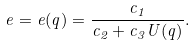<formula> <loc_0><loc_0><loc_500><loc_500>e = e ( q ) = \frac { c _ { 1 } } { c _ { 2 } + c _ { 3 } U ( q ) } .</formula> 
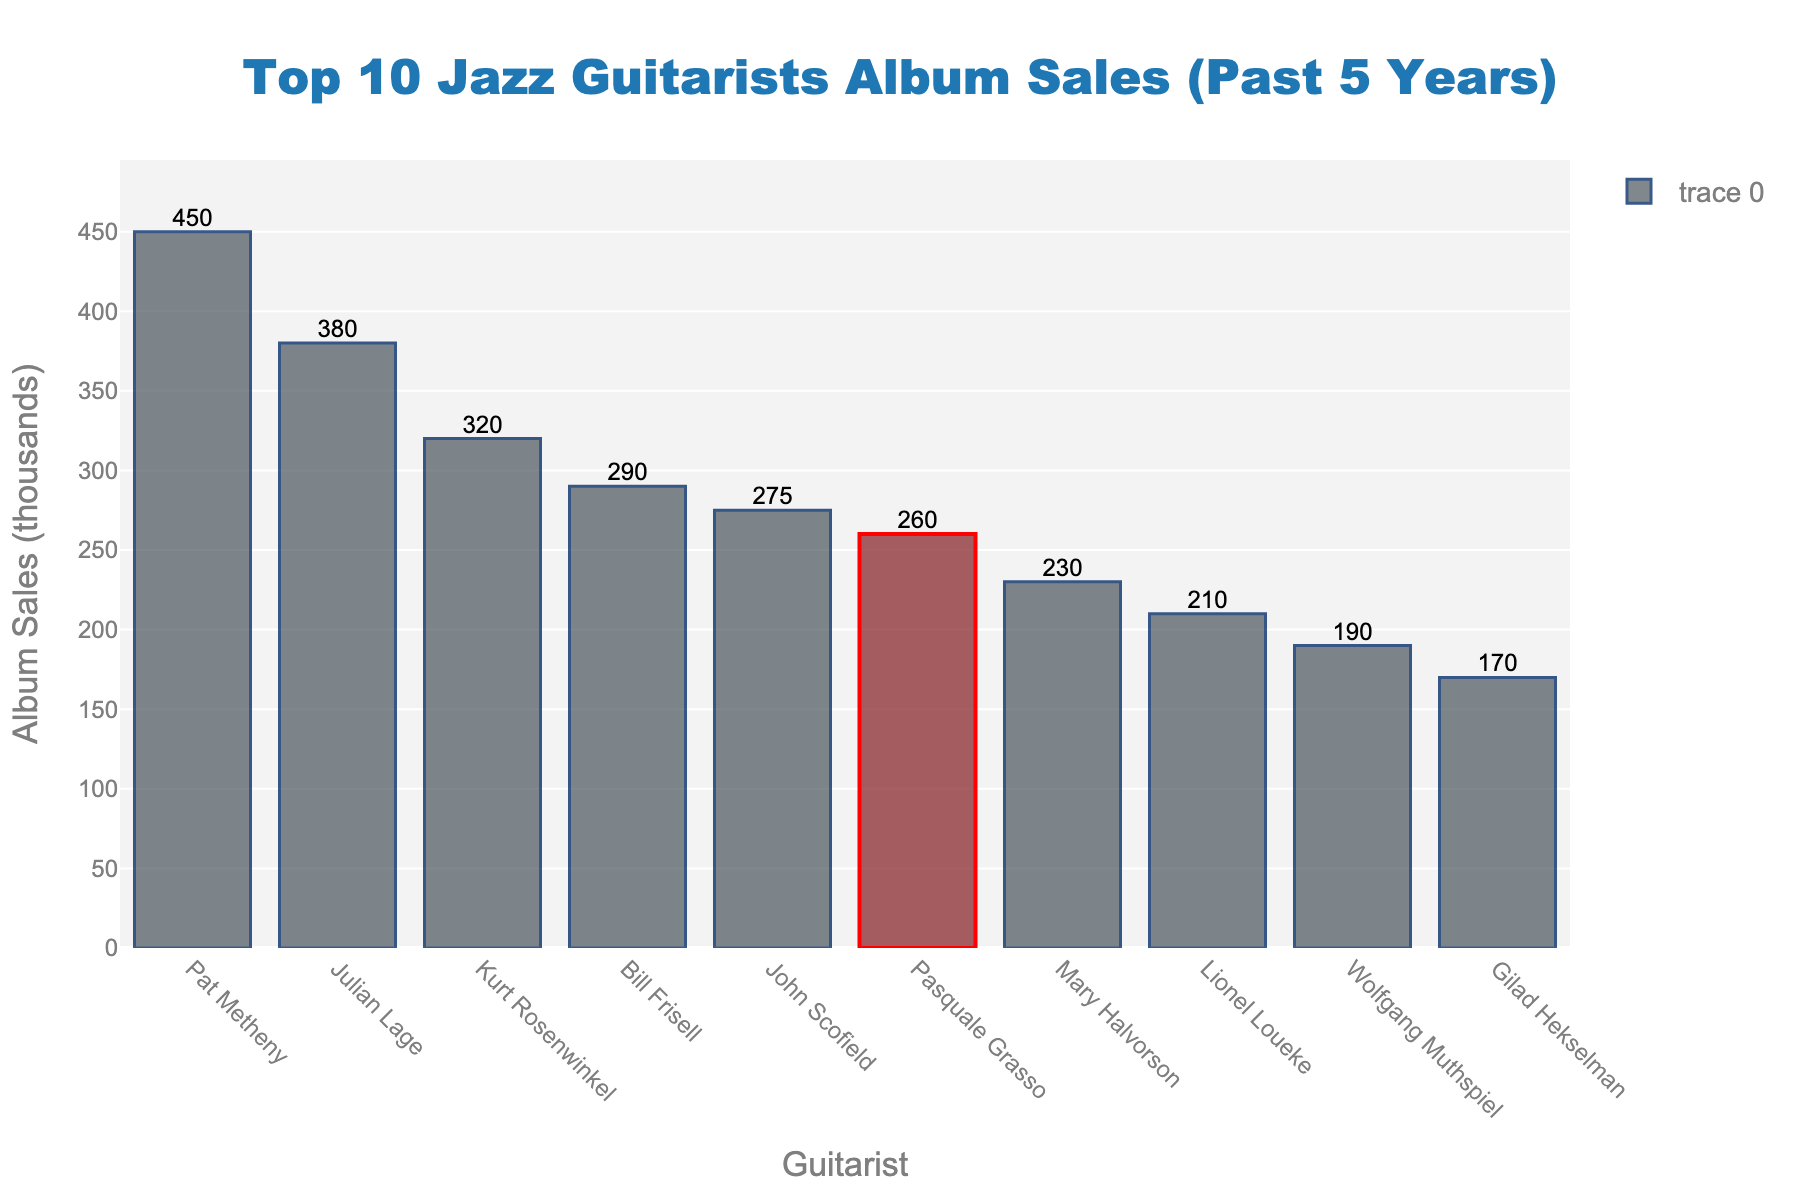What is the total number of album sales for the top 3 jazz guitarists? Pat Metheny sold 450,000 albums, Julian Lage sold 380,000, and Kurt Rosenwinkel sold 320,000. Adding these together gives 450 + 380 + 320 = 1150 thousand albums.
Answer: 1150 Who has higher album sales, Pasquale Grasso or Mary Halvorson? Pasquale Grasso has 260,000 album sales, while Mary Halvorson has 230,000. Pasquale Grasso's album sales are higher.
Answer: Pasquale Grasso What is the difference in album sales between the guitarist with the highest sales and the guitarist with the lowest sales? The guitarist with the highest sales is Pat Metheny with 450,000, and the one with the lowest sales is Gilad Hekselman with 170,000. The difference is 450 - 170 = 280 thousand albums.
Answer: 280 What is the average album sales of all ten guitarists? Total album sales are 450 + 380 + 320 + 290 + 275 + 260 + 230 + 210 + 190 + 170 = 2775 thousand albums. There are 10 guitarists, so the average is 2775 / 10 = 277.5 thousand albums.
Answer: 277.5 Which guitarist has just below Pasquale Grasso in terms of album sales? Mary Halvorson is directly below Pasquale Grasso in terms of album sales, with 230,000 albums sold compared to Pasquale's 260,000.
Answer: Mary Halvorson What is the sum of album sales of guitarists with sales less than 250,000? Those below 250,000 are Mary Halvorson (230,000), Lionel Loueke (210,000), Wolfgang Muthspiel (190,000), and Gilad Hekselman (170,000). Summing these: 230 + 210 + 190 + 170 = 800 thousand albums.
Answer: 800 How does Lionel Loueke's album sales compare visually to Pasquale Grasso's in the chart? Lionel Loueke's bar is shorter than Pasquale Grasso's bar, and Pasquale's bar is highlighted with a red border.
Answer: Shorter Who are the guitarists in the top 5 for album sales, and what are their combined sales? The top 5 are Pat Metheny (450,000), Julian Lage (380,000), Kurt Rosenwinkel (320,000), Bill Frisell (290,000), and John Scofield (275,000). Combined sales are 450 + 380 + 320 + 290 + 275 = 1715 thousand albums.
Answer: Pat Metheny, Julian Lage, Kurt Rosenwinkel, Bill Frisell, John Scofield; 1715 What are the album sales of the guitarist highlighted in red? The highlighted guitarist in red is Pasquale Grasso, and his album sales are 260,000.
Answer: 260

----

Provide the lines again, unchanged, from where the data above begins through the line containing "Answer: Pasquale Grasso", both ends included, omitting pictures and adding nothing.

<formula> <loc_0><loc_0><loc_500><loc_500>e = e ( q ) = \frac { c _ { 1 } } { c _ { 2 } + c _ { 3 } U ( q ) } .</formula> 
What is the total number of album sales for the top 3 jazz guitarists? Pat Metheny sold 450,000 albums, Julian Lage sold 380,000, and Kurt Rosenwinkel sold 320,000. Adding these together gives 450 + 380 + 320 = 1150 thousand albums.
Answer: 1150 Who has higher album sales, Pasquale Grasso or Mary Halvorson? Pasquale Grasso has 260,000 album sales, while Mary Halvorson has 230,000. Pasquale Grasso's album sales are higher.
Answer: Pasquale Grasso What is the difference in album sales between the guitarist with the highest sales and the guitarist with the lowest sales? The guitarist with the highest sales is Pat Metheny with 450,000, and the one with the lowest sales is Gilad Hekselman with 170,000. The difference is 450 - 170 = 280 thousand albums.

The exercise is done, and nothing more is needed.